Limerick and studied flute with Doris Keogh and composition with James Wilson
at the Royal Irish Academy of Music. His subsequent composition studies were in
Cardiff with the Welsh composer Alun Hoddinott and with John Cage.
He has written a diverse range of music extending to almost
100 works to date ranging from works for solo instruments to full orchestra.
Buckley's works have been performed and broadcast in more than fifty countries
worldwide and have been recorded on the Anew, Altarus, Black Box, Marco Polo,
Lyric FM, Atoll and Celestial Harmonies labels. He has made numerous broadcasts
on music and music education for RTÉ and Lyric FM.
He has been awarded both a PhD and a DMus by the National
University of Ireland and is active as a lecturer on composition and music in
education. He is on the staff of St. Patrick's College, Drumcondra, Dublin.
In three movements, his Piano
Trio (2013) opens with Shadows and
Echoes that commences with a long held low cello note before violin and
piano join, expanding a motif which they all then develop. This is certainly music
that reflects fleeting and elusive images with translucent textures from the
piano and violin through which the cello brings richer melodic material. The
music grows more animated before finding a beautifully textured quite coda.
In Kaleidoscope
the piano opens with a fast moving animated theme to which the strings join, full
of energy and buoyant pulsating rhythms. This is a brilliantly conceived
movement.
It is the piano that opens the final movement Music Box,
this time with a gently expansive motif. The strings join to take the theme
forward, adding richer textures and bringing more of a focus. There are passages
of passionate expression as the music develops. Soon there is a pause before an
opening motif for piano returns to which the cello adds a rich deep tone. The violin
joins as they weave the theme over the piano motif, building again in passion.

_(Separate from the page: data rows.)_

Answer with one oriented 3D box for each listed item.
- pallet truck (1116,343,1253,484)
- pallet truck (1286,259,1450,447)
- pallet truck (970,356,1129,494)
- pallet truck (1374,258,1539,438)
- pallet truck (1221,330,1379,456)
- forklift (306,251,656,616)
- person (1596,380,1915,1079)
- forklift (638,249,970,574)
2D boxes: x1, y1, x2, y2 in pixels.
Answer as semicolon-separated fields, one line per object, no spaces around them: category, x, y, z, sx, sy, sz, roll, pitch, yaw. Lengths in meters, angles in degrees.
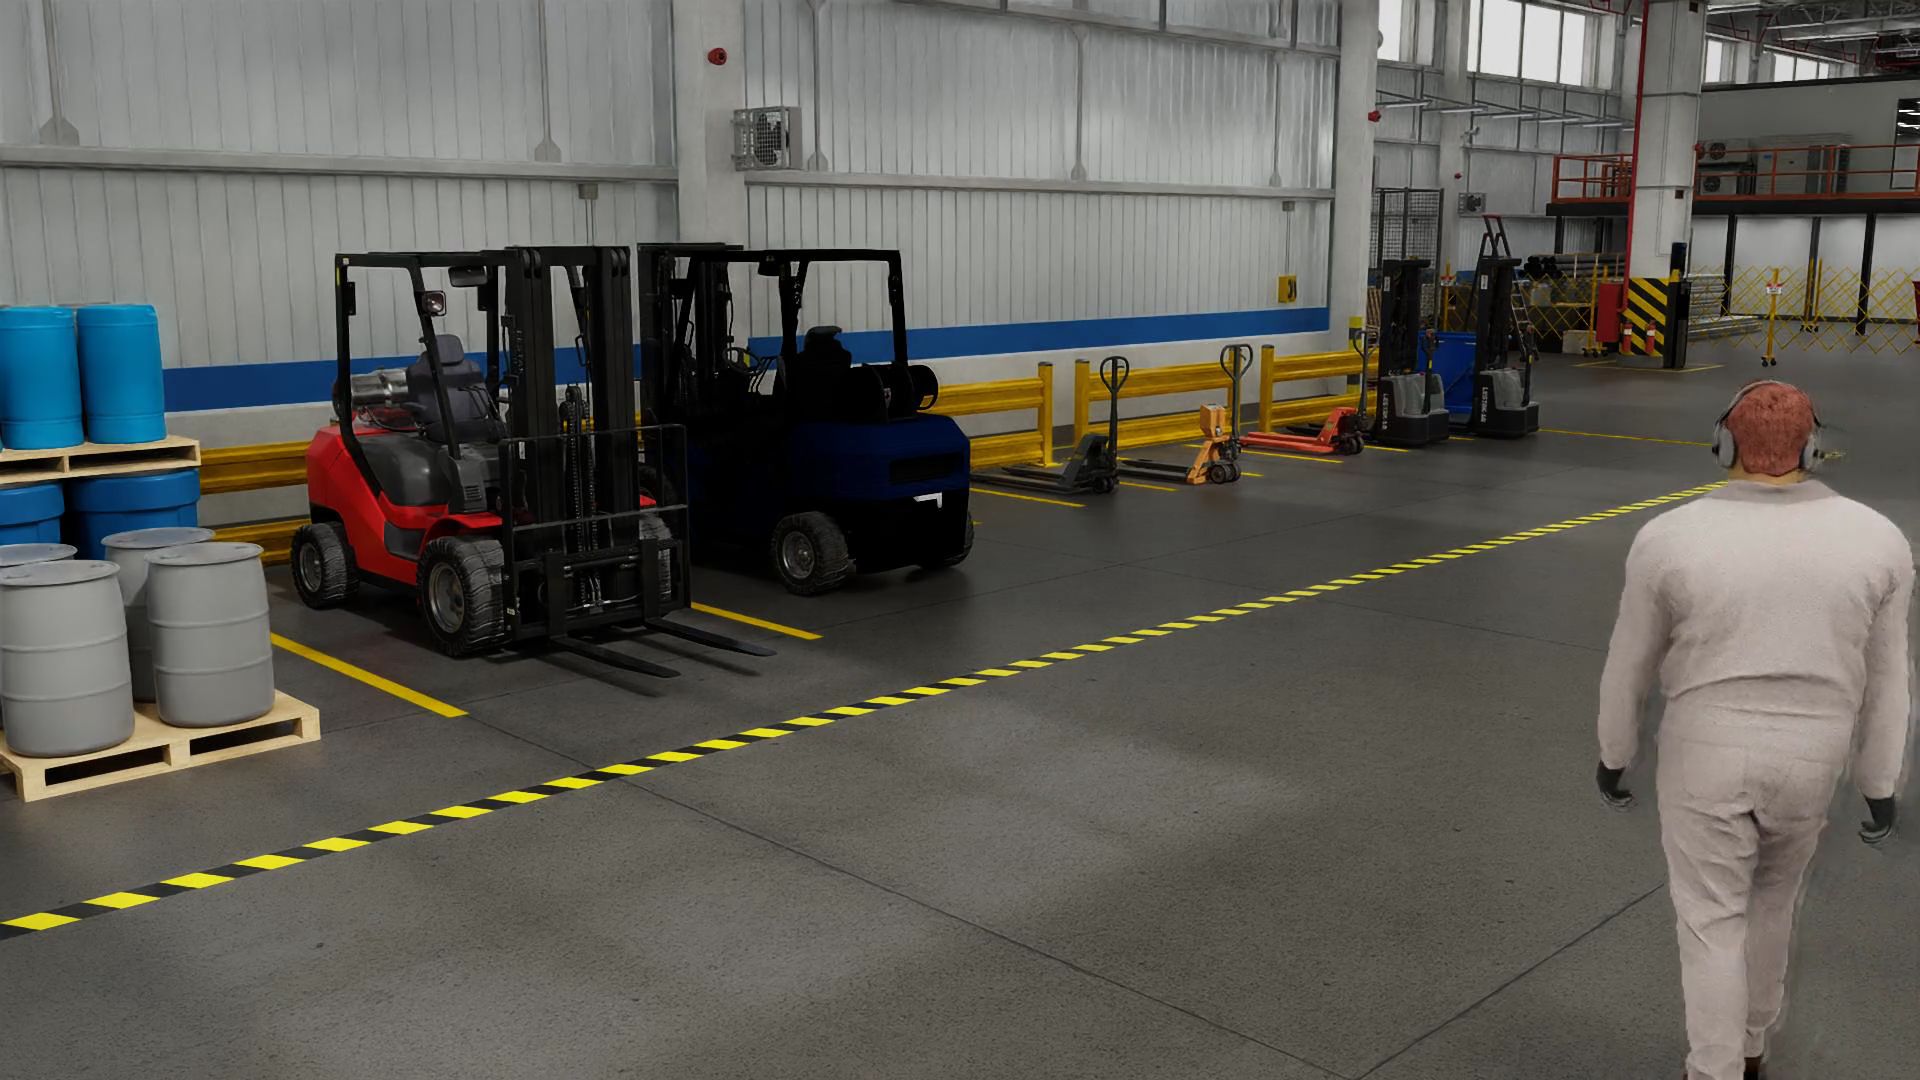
pallet truck;1.962;-1.215;15.415;1.522;1.261;0.704;10;14;43
pallet truck;4.493;-2.078;18.196;0.823;1.965;1.885;-9;14;-40
pallet truck;0.784;-1.085;14.876;0.680;1.201;1.601;-10;14;-44
pallet truck;5.704;-2.208;18.901;1.885;1.965;0.823;10;14;43
pallet truck;3.563;-1.581;17.381;0.653;1.274;1.630;-10;14;-44
forklift;-2.833;-0.669;9.694;1.157;1.987;2.680;-10;14;-44
person;1.976;0.530;4.268;0.680;1.880;0.756;1;10;8
forklift;-1.173;-0.958;11.239;2.680;1.987;1.157;10;14;43
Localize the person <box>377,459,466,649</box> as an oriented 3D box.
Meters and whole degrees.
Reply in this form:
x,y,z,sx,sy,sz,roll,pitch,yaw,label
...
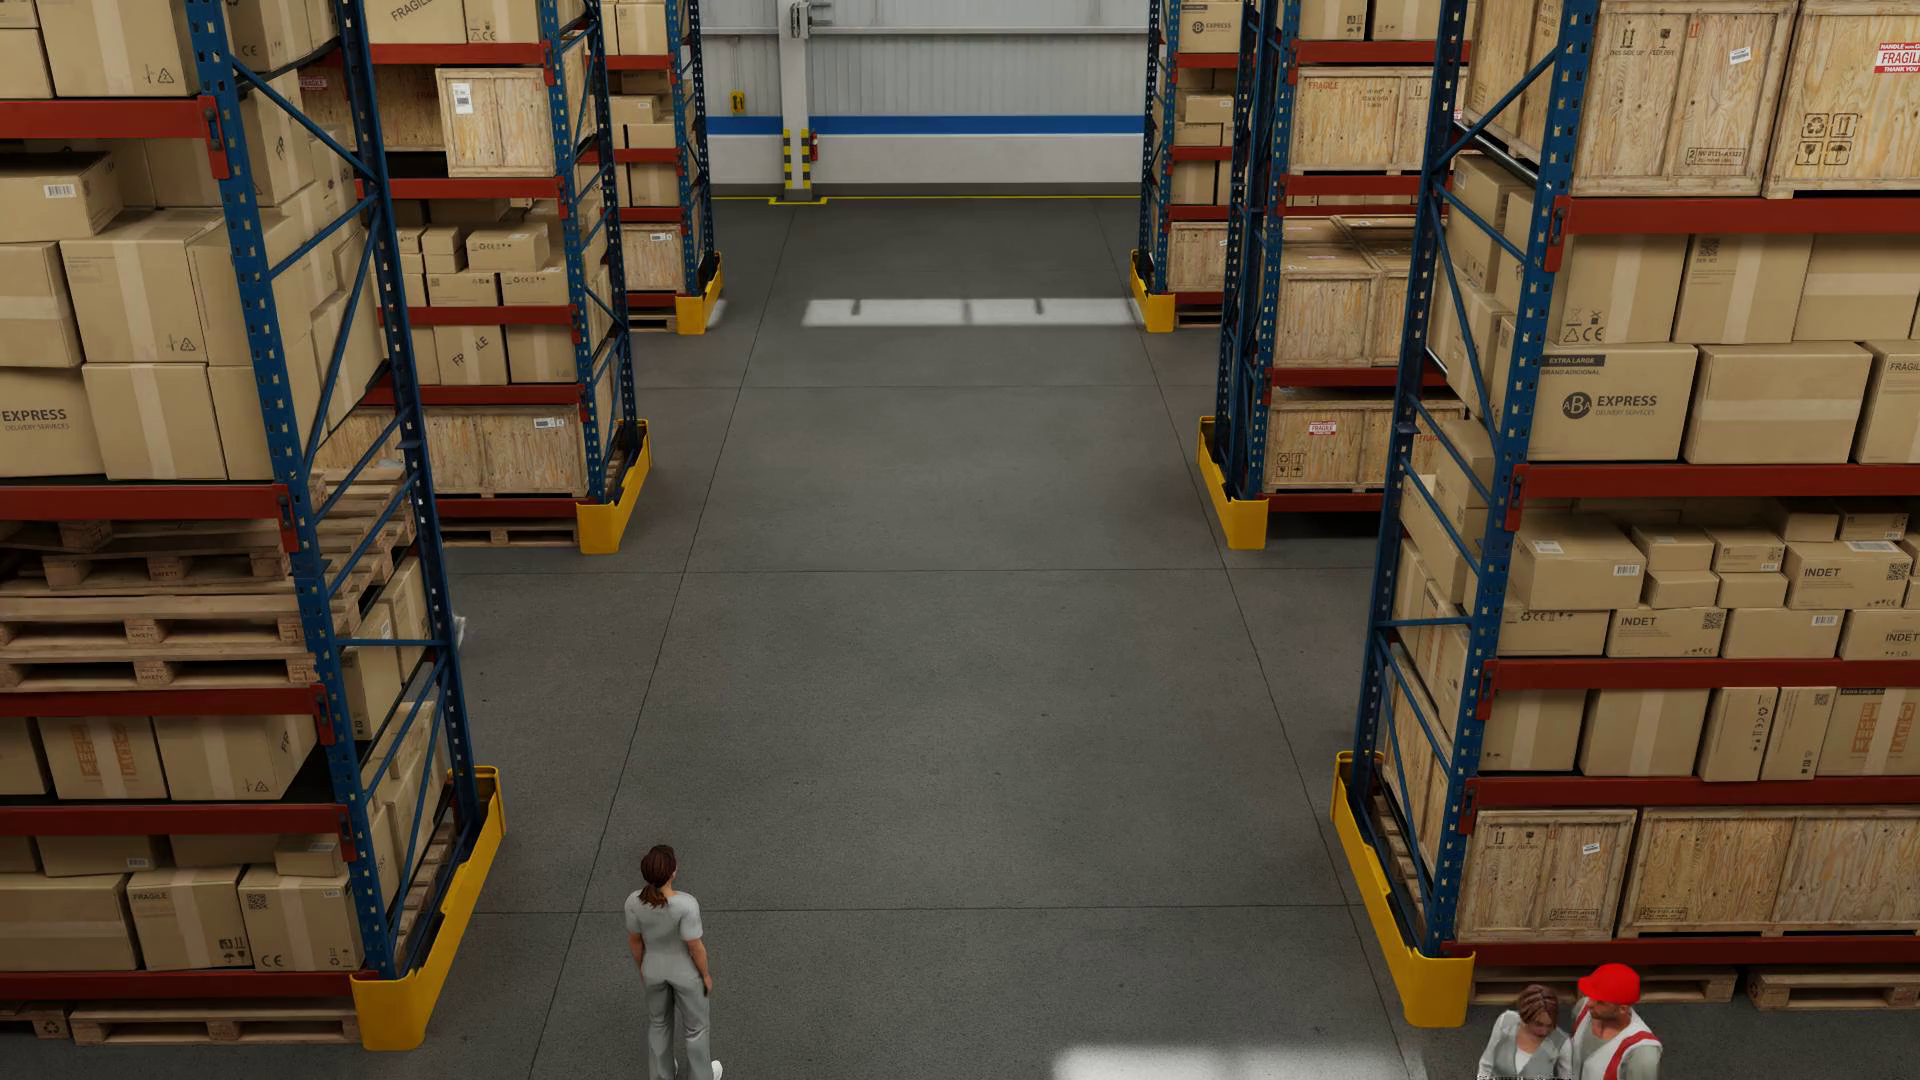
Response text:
x,y,z,sx,sy,sz,roll,pitch,yaw,label
-4.502,0.137,13.687,0.801,1.676,0.502,1,25,2,person

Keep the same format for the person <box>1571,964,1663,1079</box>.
x,y,z,sx,sy,sz,roll,pitch,yaw,label
3.018,2.764,7.951,0.997,1.760,0.523,-14,28,-27,person

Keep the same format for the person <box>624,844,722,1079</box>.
x,y,z,sx,sy,sz,roll,pitch,yaw,label
-1.548,2.333,8.997,0.434,1.669,0.412,4,25,9,person

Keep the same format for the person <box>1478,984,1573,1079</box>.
x,y,z,sx,sy,sz,roll,pitch,yaw,label
2.717,2.803,8.078,0.440,1.605,0.414,21,32,38,person

There is another brief pause before the strings gently take the theme forward
with the piano adding its gentle motif.
The strings bring the most lovely, exquisitely played passages around
which the expansive piano motif is trickled before a lovely coda.
Fergus Johnston (b.
1959) www.cmc.ie/composers/fergus-johnston was
born in Dublin and is a music graduate of Trinity College Dublin. He studied
composition with James Wilson at the Royal Irish Academy of Music and later
privately with the English composer Robert Hanson. While his output is mostly instrumental,
he has recently ventured into the area of computer-assisted music having taken
a Masters in Music and Media Technology in Trinity College Dublin. He is a
recipient of the 1989 New Music for Sligo Composition Prize and the 1989
Macaulay Fellowship. He is a member of Aosdána, Ireland's state-sponsored
academy of creative artists.
In three movements his Piano
Trio (2011) is opened by the piano, immediately joined by the
strings in a dark, questioning motif. The music slowly rises only for the piano
to bring back the opening motif which the strings develop through some
tremendous passages full of drama and fine textures, with the piano’s opening
motif never far away. There are some
lovely hushed harmonics in the coda.
The Fidelio Trio open the following movement dynamically
with a fast moving rhythmic theme full of blues inflected ideas to which these
players bring a terrific style and panache. The music moves through passages of
great energy before finding a tango rhythm, the strings adding some terrific
wayward textures. The boogie rhythm of earlier returns in the piano line, taken
forward by the whole trio with the strings weaving some terrific lines around
the piano. But the tango suddenly returns to bring about the coda.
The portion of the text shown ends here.